First let me apologize for my hiatus.  My trip to South Beach was work then play, so I was insanely busy.  I barley had time to pee let alone blog.  But, I'm back and have lots of new and improved stuff for everyone. 

Let's begin with South Beach.  Once my work was complete, I had a whole weekend with my new love.  We started our week with him giving me gorgeous roses for Valentines Day and ended the week with him buying me a stunning dress and some other clothing items. Just between us, he could have came back to the room with a pack of gum and I would have been thrilled.  The fact that he went out on a shopping mission in Miami just for me made me ridiculously happy, it is perhaps the cutest thing a man has ever done for me. Coming out of the marriage from hell, and then dating Peter Pan/the world's cheapest guy I was in bliss.  While I am not a materialistic person, everyone likes to be courted by a handsome man.  And when that handsome man, is what appears to be a really nice guy that's genuine well that is a bonus.

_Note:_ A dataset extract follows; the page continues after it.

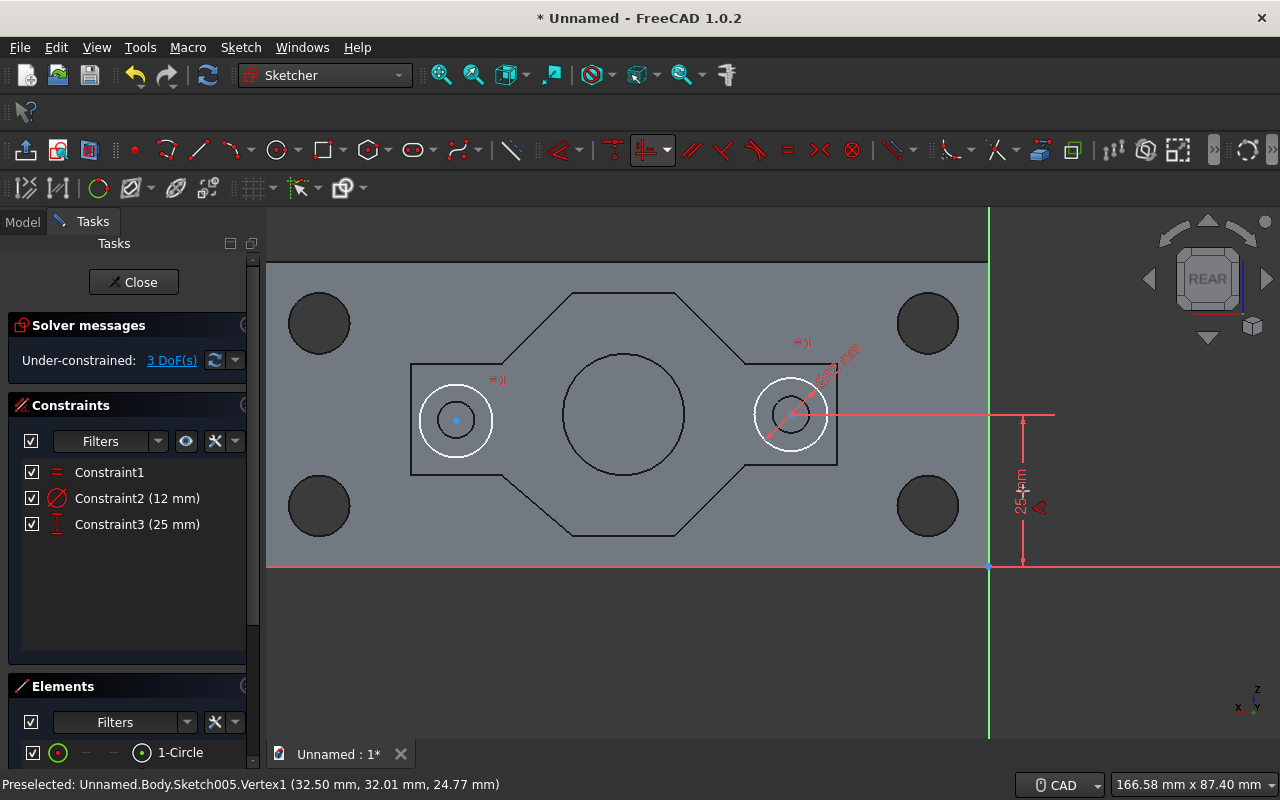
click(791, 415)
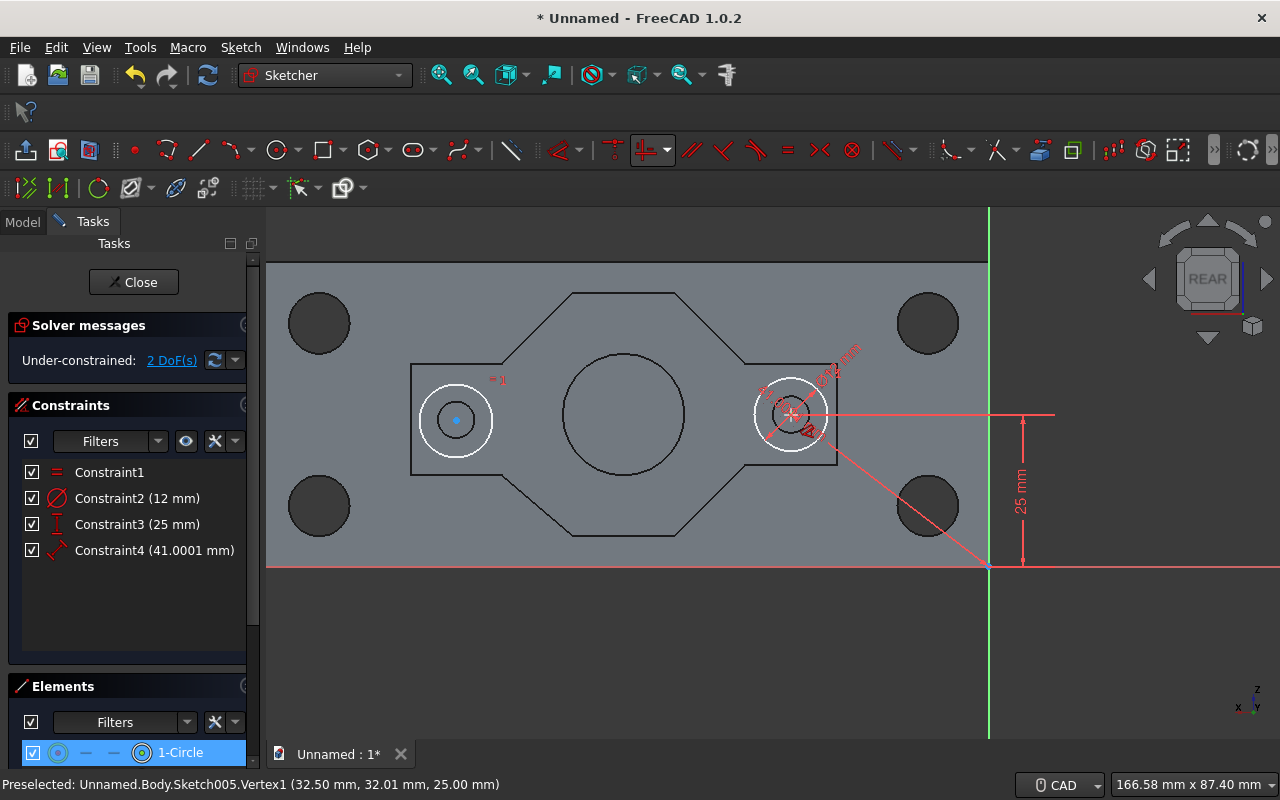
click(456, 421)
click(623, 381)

I've been dating "him" for the past 5 months, and I've been beyond cautious.  After being together for an entire week, I have decided to finally let my guard down.  And for someone like me, this is not an easy task.  The fear of getting hurt again is huge, but the fear of never finding the true Mr. Right is even bigger.  For the first time EVER, I spent an entire week with another man and not ONCE did I think of my ex husband, etc.  It was the greatest feeling ever.  We would go out and truly enjoy one another's company, I wasn't worried about anything but that moment.  This is a major milestone for me.

I can tell you that after spending this week in South Beach with new love aka NL, I came home ready to start a new chapter in my life.  After spending an entire marriage building walls and living in fear, I'm finally ready to take a stab at being "normal"  I have no idea what God has in store for me, I can only hope and pray that at the end of this road is happiness.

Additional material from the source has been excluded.